I think it should be doable even without __getitem_param__.

struct IntRange[min: Int, max: Int](CoordLike, Movable, ImplicitlyCopyable, ...): # traits that SIMD has
    var _value: Int

    fn __init__(out self, var value: Int) raises:
        if value < Self.min or value > Self.max:
            raise RangeError()

        self = Self(value, unchecked=True)

    fn __init__(out self, var value: Int, *, unchecked: Bool = False):
        self._value = value

    comptime CanExpressRange[dtype: DType]: Bool = Scalar[dtype].MIN <= Self.min and Scalar[dtype].MAX >= Self.MAX
    comptime IsIntegral[dtype: DType]: Bool = dtype.is_integral()

    comptime VariadicType = Variadic.filter_types[CanExpressRange, Variadic.filter_types[IsIntegral,  DType.all]] #DTypes.all

    comptime static_value: Int = -1
    """The compile-time value if statically known, -1 otherwise."""

    comptime is_static_value = False
    """True if the value is known at compile time."""

    comptime is_tuple = False
    """True if this is a tuple type (`Coord`), False for scalar values."""

    comptime is_value = not Self.is_tuple
    """True if this is a scalar value, False for tuple types."""

    comptime DTYPE = VariadicType[0]
    """The data type for runtime values, or invalid for compile-time values."""

    # Note that unlike the __len__() from Sized, this is a static method.
    @staticmethod
    def __len__() -> Int:
        """Get the number of elements in this type.

        Returns:
            The number of elements (1 for single values, >1 for tuples).
        """
        return 1

    def value(self) -> Int:
        """Get the integer value of this coordinate.

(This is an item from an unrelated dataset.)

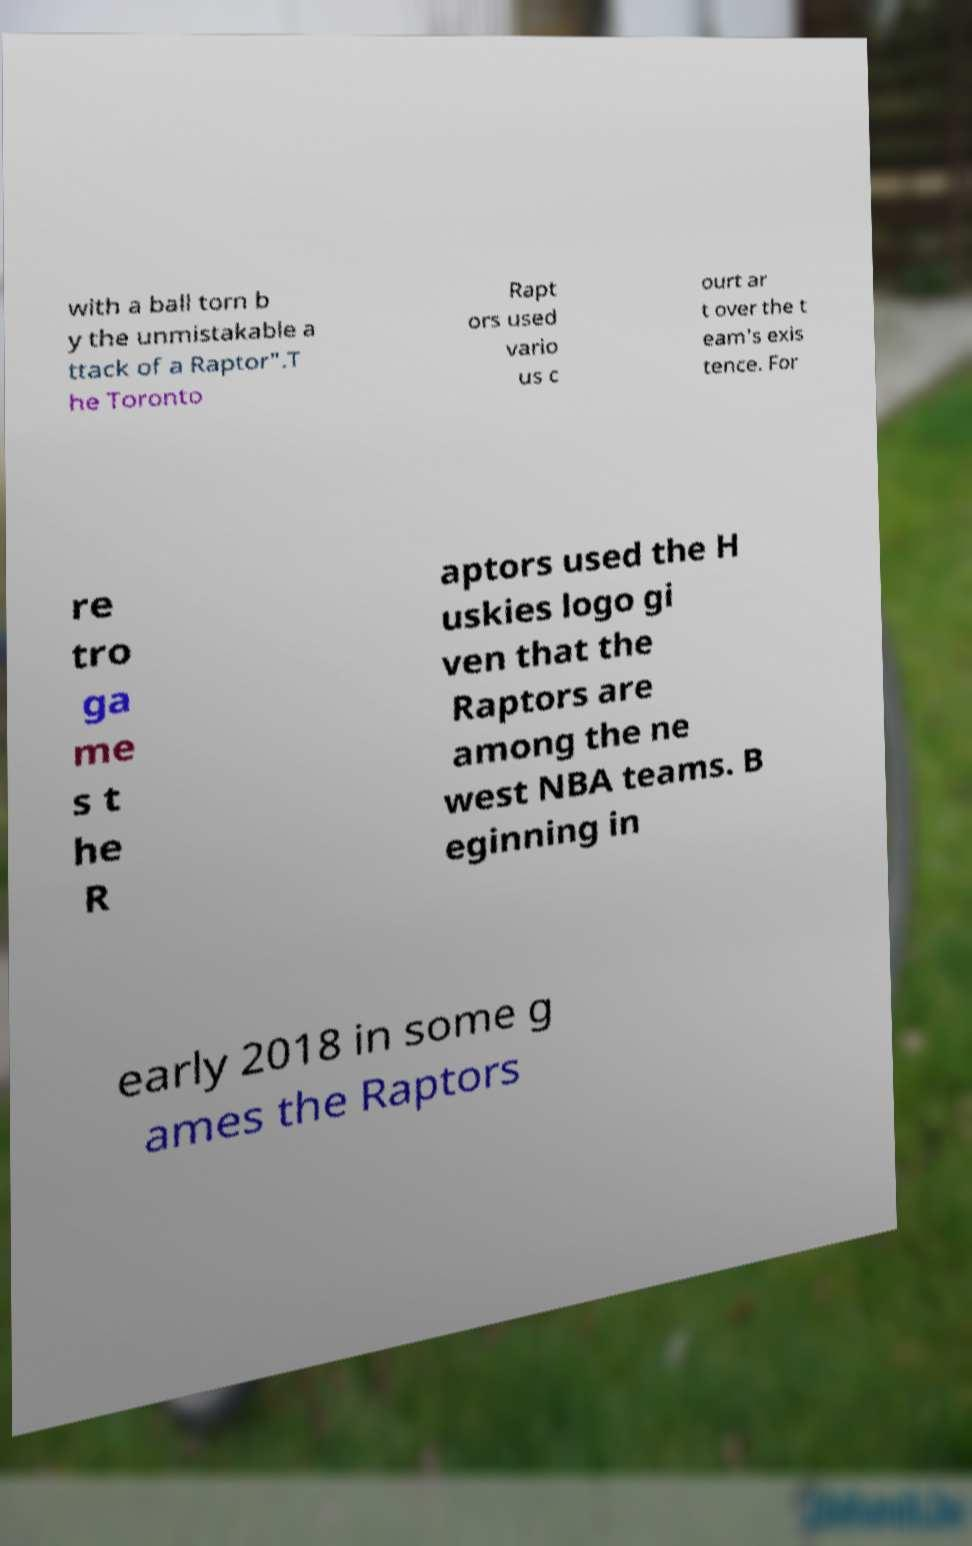Could you assist in decoding the text presented in this image and type it out clearly? with a ball torn b y the unmistakable a ttack of a Raptor".T he Toronto Rapt ors used vario us c ourt ar t over the t eam's exis tence. For re tro ga me s t he R aptors used the H uskies logo gi ven that the Raptors are among the ne west NBA teams. B eginning in early 2018 in some g ames the Raptors

        Only valid for value types (not tuples).

        Returns:
            The integer value.
        """
        return self._value

    def tuple(var self) -> Coord[*Self.VariadicType]:
        """Get this coordinate as a `Coord` tuple.

        Only valid for tuple types.

        Returns:
            The coordinate as a `Coord` tuple.
        """
        return Coord(self._value)

    def product(self) -> Int:
        """Calculate the product of all elements.

        Returns:
            The product of all elements.
        """
        return self._value

    def sum(self) -> Int:
        """Calculate the sum of all elements.

        Returns:
            The sum of all elements.
        """
        return self._value    

And then you add a few more required comptime members to check the value range of the individual members, the product and the sum at compile time. If the value ranges of the coord can’t exceed what the buffer can safely be indexed by, then you don’t have any reason to do a runtime bounds check. This doesn’t need to be as strict as “comptime only” and also doesn’t require unrolling loops to elide bounds checks. It might require making a special version of range that needs comptime-known bounds, but that shouldn’t be that bad.

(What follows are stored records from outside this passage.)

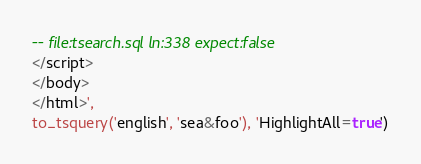<code> <loc_0><loc_0><loc_500><loc_500><_SQL_>-- file:tsearch.sql ln:338 expect:false
</script>
</body>
</html>',
to_tsquery('english', 'sea&foo'), 'HighlightAll=true')
</code> 
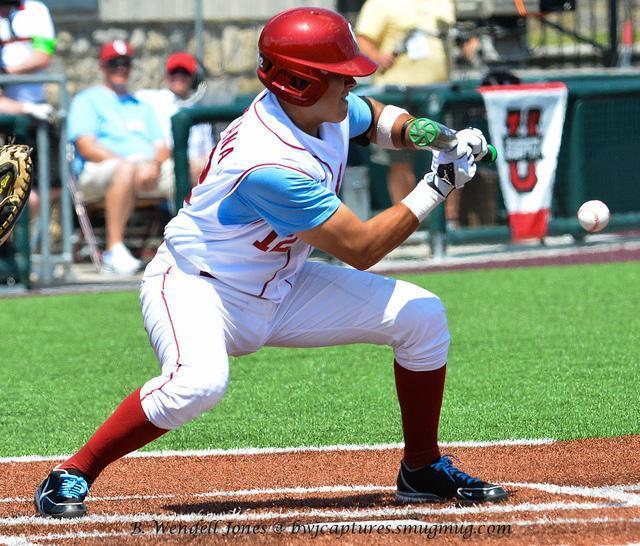How many people are in the photo?
Give a very brief answer. 5. How many baby giraffes are in the field?
Give a very brief answer. 0.

Another thing to consider is the use case of List versus Tensor are very different. Since List can reallocate, negative indexing is a lot more dynamic than a comptime-sized defined Tensor.

The pattern could be that when you want maximally performant parallel code, you just use List as the backing store and drop into Tensor mode. Then document that List supports negative indexing and Tensor does not (a thing easily checked at runtime in DEBUG builds). The closer a structs gets to the metal, the less likely negative indexing is supported.

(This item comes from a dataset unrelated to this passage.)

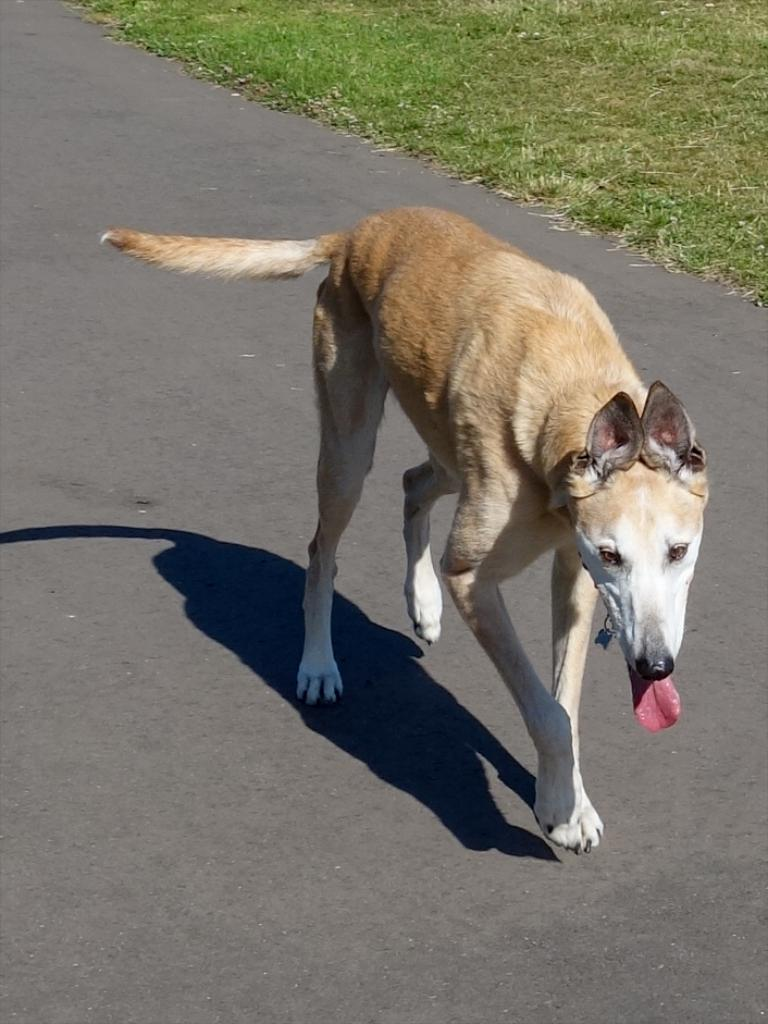What type of animal is in the image? There is a dog in the image. Where is the dog located? The dog is on the road. What type of vegetation can be seen in the image? There is grass visible in the image. What type of birds can be seen flying over the seashore in the image? There is no seashore or birds present in the image; it features a dog on the road with grass visible.

Obvious downside: it’s potentially confusing for it to be supported in some places and not others.

Yeah I quite like Zigs build options, many differrent opinions though, we’ll figure out build flags in a different proposal.

I think we’re on the same page that it’s good to have an unsafe_get to never assert. I thought you meant that should be the only way to turn off bounds checks, including on GPU which wouldn’t be practical. I was just saying that it’s better to control subscripting bounds checks through build flags. Most of the collections have an unsafe_get and we’ll leave them there.

Obvious downside: it’s potentially confusing for it to be supported in some places and not others.

Yeah that’s the trouble, want things to be consistent across collections. But you can build your own collection that supports negative indexing!